The API economy makes it easier than ever to build. You don’t make your own payment processor; you use the Stripe API. You don’t make your own tax engine; you use the Avalara API. You don’t make your own email server; you use SendGrid. Building” these days really means “orchestrating APIs.”
Data Sovereignty: Businesses want to own their data so they can analyse it. It can be hard to get information from a third-party vendor’s walled garden. You can run deep learning models on your customers’ payment habits to lower churn if you own the database.
When you look at building or buying billing software from the point of view of data ownership, building gives data-driven companies a clear edge over their competitors.

Case Studies: When to Change Directions
Let’s look at two made-up examples that are common in the US market.
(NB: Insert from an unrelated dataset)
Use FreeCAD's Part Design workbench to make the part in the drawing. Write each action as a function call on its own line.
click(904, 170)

Scenario A: The New Online Store

Selling mugs and t-shirts is what they do. $2 million in sales each year. Regular transactions.
Decision: BUY.
Reason: Their billing needs are normal. Everything is taken care of by Shopify or a similar site. It would be a waste of time and money to make a custom billing engine. They pay a fair price for not having to worry about anything.
Scenario B: The IoT Provider for Businesses

Profile: Selling smart sensors to factories. $30 million in sales each year. Pricing includes the cost of the hardware, a monthly platform fee, and a variable usage fee that depends on how much data is sent. There are also discounts for large orders and contracts that last more than one year.
Decision: BUILD (or Hybrid).
The reason is that no ready-made software can handle that exact combination of hardware, software, and usage billing well. They probably already have a group of developers. A custom solution lets them automate their complicated billing, which cuts down on the work their finance team has to do by hand.
The Secret Complications of Billing
It’s easy to not realise how much a billing system really does. It’s not just sending a bill.
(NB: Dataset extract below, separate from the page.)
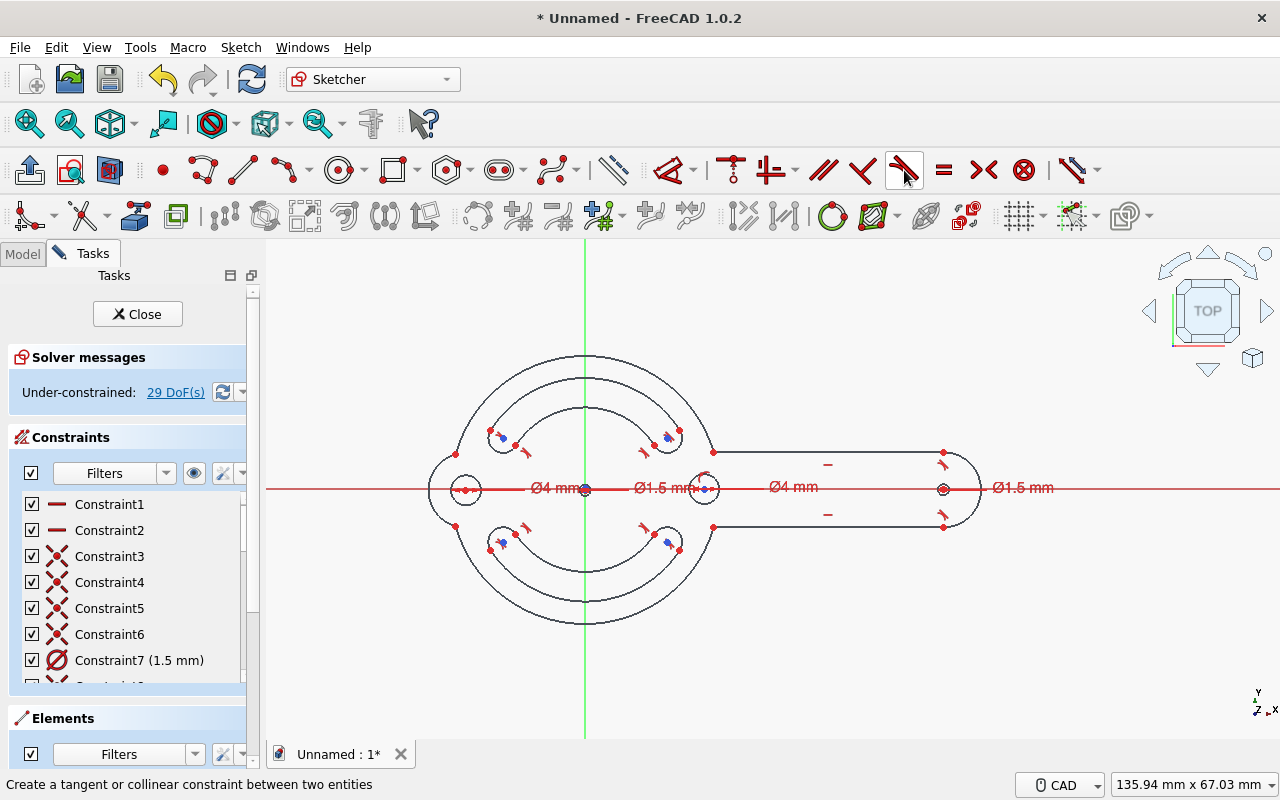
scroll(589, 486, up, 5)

What happens to dunning management when a credit card fails? A good system will automatically try again on smart schedules.
Proration: How do you figure out the bill if a customer upgrades on the 15th of the month?
In the US, ASC 606 standards tell you how to recognise revenue. For accounting purposes, your software needs to be able to do this.
Customer Portal: Customers need a place to change their cards and get copies of old invoices.
You have to build all of this if you build. It comes in the box if you buy it. This list of features is often what makes companies want to buy again. But with MyFluiditi’s development knowledge, we can add pre-built modules for these standard features. This lets you focus on custom development only on the unique pricing logic that makes you stand out.

Using AI to Help You Make Decisions
With the rise of advanced AI, the discussion about whether to build or buy billing software has changed.

You can only use the AI features that come with a legacy billing platform if you buy one. They could just add a simple “fraud detection” bot and be done with it.

When you work with a partner like MyFluiditi, AI can become a part of your financial operations:

Churn Prediction: Look at billing patterns to find customers who are likely to cancel before they do.
Dynamic Pricing: Change your pricing models in real time based on demand or different types of customers.
Automated Reconciliation: Use AI to match payments to invoices with almost perfect accuracy, which will save your accountants a lot of time.
AI changes billing from a behind-the-scenes job to a key driver of growth.

Ten Questions to Ask Yourself Before You Decide
Before you hire a developer or sign a contract, get everyone involved and answer these questions:

Is our pricing model set in stone, or do we plan to change it often?
Do we have engineers on staff who can help with a custom build?
How much money do we have to spend on operating expenses and capital expenses over the next three years?
How hard is it for us to connect to existing CRM and ERP tools?
Do we have specific security or data residency needs?
Are we losing customers because our current billing system isn’t flexible?
How much are we currently paying in transaction fees?
Do we do business in more than one currency or tax area?
Is billing one of our business’s main skills?
Is the choice between making or buying billing software slowing down our growth?
Making financial models for the US market
It costs a lot to hire developers in the US. This is the main reason the needle is pointing to “buy.” The cost of capital is also important.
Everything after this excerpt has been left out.